Directions: Repeat the listing below line for line, exactly as shown.

****************

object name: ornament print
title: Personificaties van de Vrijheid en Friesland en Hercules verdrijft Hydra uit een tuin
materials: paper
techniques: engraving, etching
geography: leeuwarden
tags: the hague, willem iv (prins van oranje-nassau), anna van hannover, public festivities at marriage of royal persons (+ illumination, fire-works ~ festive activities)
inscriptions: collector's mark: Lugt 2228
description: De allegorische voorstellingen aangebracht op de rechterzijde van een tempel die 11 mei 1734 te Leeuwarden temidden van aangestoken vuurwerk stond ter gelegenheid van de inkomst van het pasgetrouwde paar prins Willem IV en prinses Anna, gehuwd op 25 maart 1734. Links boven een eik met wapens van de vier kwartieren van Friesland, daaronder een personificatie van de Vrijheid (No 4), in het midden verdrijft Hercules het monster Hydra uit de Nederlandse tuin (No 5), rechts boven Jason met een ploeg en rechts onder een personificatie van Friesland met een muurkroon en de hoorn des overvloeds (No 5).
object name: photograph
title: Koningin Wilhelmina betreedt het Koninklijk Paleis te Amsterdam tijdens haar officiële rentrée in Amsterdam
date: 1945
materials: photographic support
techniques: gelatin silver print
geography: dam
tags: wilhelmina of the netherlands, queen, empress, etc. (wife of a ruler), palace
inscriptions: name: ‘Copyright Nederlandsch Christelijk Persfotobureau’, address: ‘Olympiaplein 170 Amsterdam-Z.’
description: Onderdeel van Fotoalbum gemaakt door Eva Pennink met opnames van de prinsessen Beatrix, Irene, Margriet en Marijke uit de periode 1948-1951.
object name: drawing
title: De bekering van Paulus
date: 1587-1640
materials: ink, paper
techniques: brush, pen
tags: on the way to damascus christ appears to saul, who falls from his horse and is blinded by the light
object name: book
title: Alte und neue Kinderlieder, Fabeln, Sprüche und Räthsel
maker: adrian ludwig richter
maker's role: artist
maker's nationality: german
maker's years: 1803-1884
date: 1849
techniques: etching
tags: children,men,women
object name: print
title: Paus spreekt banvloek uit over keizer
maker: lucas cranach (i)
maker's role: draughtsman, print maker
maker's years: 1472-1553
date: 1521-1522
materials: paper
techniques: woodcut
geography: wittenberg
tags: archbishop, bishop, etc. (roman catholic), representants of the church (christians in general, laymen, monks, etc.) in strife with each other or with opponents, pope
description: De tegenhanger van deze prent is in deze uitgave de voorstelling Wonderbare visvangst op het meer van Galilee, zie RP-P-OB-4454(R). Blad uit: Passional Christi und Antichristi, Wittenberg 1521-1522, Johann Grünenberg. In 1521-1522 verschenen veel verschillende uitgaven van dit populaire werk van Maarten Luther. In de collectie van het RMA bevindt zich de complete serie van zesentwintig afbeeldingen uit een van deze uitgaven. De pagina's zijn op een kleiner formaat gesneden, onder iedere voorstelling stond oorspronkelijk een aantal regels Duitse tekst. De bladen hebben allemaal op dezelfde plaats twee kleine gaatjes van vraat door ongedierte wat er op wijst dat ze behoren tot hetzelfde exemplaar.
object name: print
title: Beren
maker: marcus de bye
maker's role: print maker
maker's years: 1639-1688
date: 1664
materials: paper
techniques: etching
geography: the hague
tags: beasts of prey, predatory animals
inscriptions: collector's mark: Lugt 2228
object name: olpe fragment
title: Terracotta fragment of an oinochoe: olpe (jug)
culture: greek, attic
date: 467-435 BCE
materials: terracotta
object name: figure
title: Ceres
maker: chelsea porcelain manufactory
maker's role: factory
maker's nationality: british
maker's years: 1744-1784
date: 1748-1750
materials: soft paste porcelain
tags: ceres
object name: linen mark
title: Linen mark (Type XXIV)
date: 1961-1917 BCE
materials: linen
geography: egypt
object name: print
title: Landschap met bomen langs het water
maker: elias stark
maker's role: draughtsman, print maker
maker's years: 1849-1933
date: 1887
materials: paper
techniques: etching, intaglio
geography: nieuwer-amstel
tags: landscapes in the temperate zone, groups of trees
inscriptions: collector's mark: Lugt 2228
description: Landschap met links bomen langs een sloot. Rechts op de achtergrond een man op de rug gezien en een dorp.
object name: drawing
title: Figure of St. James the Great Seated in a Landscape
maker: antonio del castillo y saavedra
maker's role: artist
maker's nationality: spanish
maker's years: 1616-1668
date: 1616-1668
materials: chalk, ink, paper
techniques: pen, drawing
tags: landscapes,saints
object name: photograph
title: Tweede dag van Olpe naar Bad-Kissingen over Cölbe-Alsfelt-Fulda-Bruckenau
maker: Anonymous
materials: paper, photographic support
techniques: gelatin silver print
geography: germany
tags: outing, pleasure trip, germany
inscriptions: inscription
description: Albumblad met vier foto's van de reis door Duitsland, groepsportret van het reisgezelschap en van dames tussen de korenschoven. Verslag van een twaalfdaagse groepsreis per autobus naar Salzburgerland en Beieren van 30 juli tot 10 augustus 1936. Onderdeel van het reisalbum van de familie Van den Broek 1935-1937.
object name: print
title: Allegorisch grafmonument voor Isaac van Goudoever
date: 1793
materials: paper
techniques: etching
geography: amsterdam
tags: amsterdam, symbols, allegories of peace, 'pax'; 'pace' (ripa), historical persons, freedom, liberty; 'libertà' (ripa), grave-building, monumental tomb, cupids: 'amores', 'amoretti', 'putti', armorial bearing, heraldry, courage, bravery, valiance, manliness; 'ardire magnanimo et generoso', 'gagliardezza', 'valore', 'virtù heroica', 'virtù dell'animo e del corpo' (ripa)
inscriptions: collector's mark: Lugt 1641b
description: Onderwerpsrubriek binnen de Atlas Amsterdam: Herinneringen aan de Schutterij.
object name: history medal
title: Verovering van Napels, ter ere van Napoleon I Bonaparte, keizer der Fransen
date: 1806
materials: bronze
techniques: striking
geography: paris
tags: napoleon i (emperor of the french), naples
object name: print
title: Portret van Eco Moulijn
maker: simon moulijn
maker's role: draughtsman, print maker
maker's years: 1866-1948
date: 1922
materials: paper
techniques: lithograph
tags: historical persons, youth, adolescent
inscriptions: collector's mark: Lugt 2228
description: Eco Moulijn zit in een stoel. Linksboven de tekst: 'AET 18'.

****************

Expected answer:
object name: ornament print
title: Personificaties van de Vrijheid en Friesland en Hercules verdrijft Hydra uit een tuin
materials: paper
techniques: engraving, etching
geography: leeuwarden
tags: the hague, willem iv (prins van oranje-nassau), anna van hannover, public festivities at marriage of royal persons (+ illumination, fire-works ~ festive activities)
inscriptions: collector's mark: Lugt 2228
description: De allegorische voorstellingen aangebracht op de rechterzijde van een tempel die 11 mei 1734 te Leeuwarden temidden van aangestoken vuurwerk stond ter gelegenheid van de inkomst van het pasgetrouwde paar prins Willem IV en prinses Anna, gehuwd op 25 maart 1734. Links boven een eik met wapens van de vier kwartieren van Friesland, daaronder een personificatie van de Vrijheid (No 4), in het midden verdrijft Hercules het monster Hydra uit de Nederlandse tuin (No 5), rechts boven Jason met een ploeg en rechts onder een personificatie van Friesland met een muurkroon en de hoorn des overvloeds (No 5).
object name: photograph
title: Koningin Wilhelmina betreedt het Koninklijk Paleis te Amsterdam tijdens haar officiële rentrée in Amsterdam
date: 1945
materials: photographic support
techniques: gelatin silver print
geography: dam
tags: wilhelmina of the netherlands, queen, empress, etc. (wife of a ruler), palace
inscriptions: name: ‘Copyright Nederlandsch Christelijk Persfotobureau’, address: ‘Olympiaplein 170 Amsterdam-Z.’
description: Onderdeel van Fotoalbum gemaakt door Eva Pennink met opnames van de prinsessen Beatrix, Irene, Margriet en Marijke uit de periode 1948-1951.
object name: drawing
title: De bekering van Paulus
date: 1587-1640
materials: ink, paper
techniques: brush, pen
tags: on the way to damascus christ appears to saul, who falls from his horse and is blinded by the light
object name: book
title: Alte und neue Kinderlieder, Fabeln, Sprüche und Räthsel
maker: adrian ludwig richter
maker's role: artist
maker's nationality: german
maker's years: 1803-1884
date: 1849
techniques: etching
tags: children,men,women
object name: print
title: Paus spreekt banvloek uit over keizer
maker: lucas cranach (i)
maker's role: draughtsman, print maker
maker's years: 1472-1553
date: 1521-1522
materials: paper
techniques: woodcut
geography: wittenberg
tags: archbishop, bishop, etc. (roman catholic), representants of the church (christians in general, laymen, monks, etc.) in strife with each other or with opponents, pope
description: De tegenhanger van deze prent is in deze uitgave de voorstelling Wonderbare visvangst op het meer van Galilee, zie RP-P-OB-4454(R). Blad uit: Passional Christi und Antichristi, Wittenberg 1521-1522, Johann Grünenberg. In 1521-1522 verschenen veel verschillende uitgaven van dit populaire werk van Maarten Luther. In de collectie van het RMA bevindt zich de complete serie van zesentwintig afbeeldingen uit een van deze uitgaven. De pagina's zijn op een kleiner formaat gesneden, onder iedere voorstelling stond oorspronkelijk een aantal regels Duitse tekst. De bladen hebben allemaal op dezelfde plaats twee kleine gaatjes van vraat door ongedierte wat er op wijst dat ze behoren tot hetzelfde exemplaar.
object name: print
title: Beren
maker: marcus de bye
maker's role: print maker
maker's years: 1639-1688
date: 1664
materials: paper
techniques: etching
geography: the hague
tags: beasts of prey, predatory animals
inscriptions: collector's mark: Lugt 2228
object name: olpe fragment
title: Terracotta fragment of an oinochoe: olpe (jug)
culture: greek, attic
date: 467-435 BCE
materials: terracotta
object name: figure
title: Ceres
maker: chelsea porcelain manufactory
maker's role: factory
maker's nationality: british
maker's years: 1744-1784
date: 1748-1750
materials: soft paste porcelain
tags: ceres
object name: linen mark
title: Linen mark (Type XXIV)
date: 1961-1917 BCE
materials: linen
geography: egypt
object name: print
title: Landschap met bomen langs het water
maker: elias stark
maker's role: draughtsman, print maker
maker's years: 1849-1933
date: 1887
materials: paper
techniques: etching, intaglio
geography: nieuwer-amstel
tags: landscapes in the temperate zone, groups of trees
inscriptions: collector's mark: Lugt 2228
description: Landschap met links bomen langs een sloot. Rechts op de achtergrond een man op de rug gezien en een dorp.
object name: drawing
title: Figure of St. James the Great Seated in a Landscape
maker: antonio del castillo y saavedra
maker's role: artist
maker's nationality: spanish
maker's years: 1616-1668
date: 1616-1668
materials: chalk, ink, paper
techniques: pen, drawing
tags: landscapes,saints
object name: photograph
title: Tweede dag van Olpe naar Bad-Kissingen over Cölbe-Alsfelt-Fulda-Bruckenau
maker: Anonymous
materials: paper, photographic support
techniques: gelatin silver print
geography: germany
tags: outing, pleasure trip, germany
inscriptions: inscription
description: Albumblad met vier foto's van de reis door Duitsland, groepsportret van het reisgezelschap en van dames tussen de korenschoven. Verslag van een twaalfdaagse groepsreis per autobus naar Salzburgerland en Beieren van 30 juli tot 10 augustus 1936. Onderdeel van het reisalbum van de familie Van den Broek 1935-1937.
object name: print
title: Allegorisch grafmonument voor Isaac van Goudoever
date: 1793
materials: paper
techniques: etching
geography: amsterdam
tags: amsterdam, symbols, allegories of peace, 'pax'; 'pace' (ripa), historical persons, freedom, liberty; 'libertà' (ripa), grave-building, monumental tomb, cupids: 'amores', 'amoretti', 'putti', armorial bearing, heraldry, courage, bravery, valiance, manliness; 'ardire magnanimo et generoso', 'gagliardezza', 'valore', 'virtù heroica', 'virtù dell'animo e del corpo' (ripa)
inscriptions: collector's mark: Lugt 1641b
description: Onderwerpsrubriek binnen de Atlas Amsterdam: Herinneringen aan de Schutterij.
object name: history medal
title: Verovering van Napels, ter ere van Napoleon I Bonaparte, keizer der Fransen
date: 1806
materials: bronze
techniques: striking
geography: paris
tags: napoleon i (emperor of the french), naples
object name: print
title: Portret van Eco Moulijn
maker: simon moulijn
maker's role: draughtsman, print maker
maker's years: 1866-1948
date: 1922
materials: paper
techniques: lithograph
tags: historical persons, youth, adolescent
inscriptions: collector's mark: Lugt 2228
description: Eco Moulijn zit in een stoel. Linksboven de tekst: 'AET 18'.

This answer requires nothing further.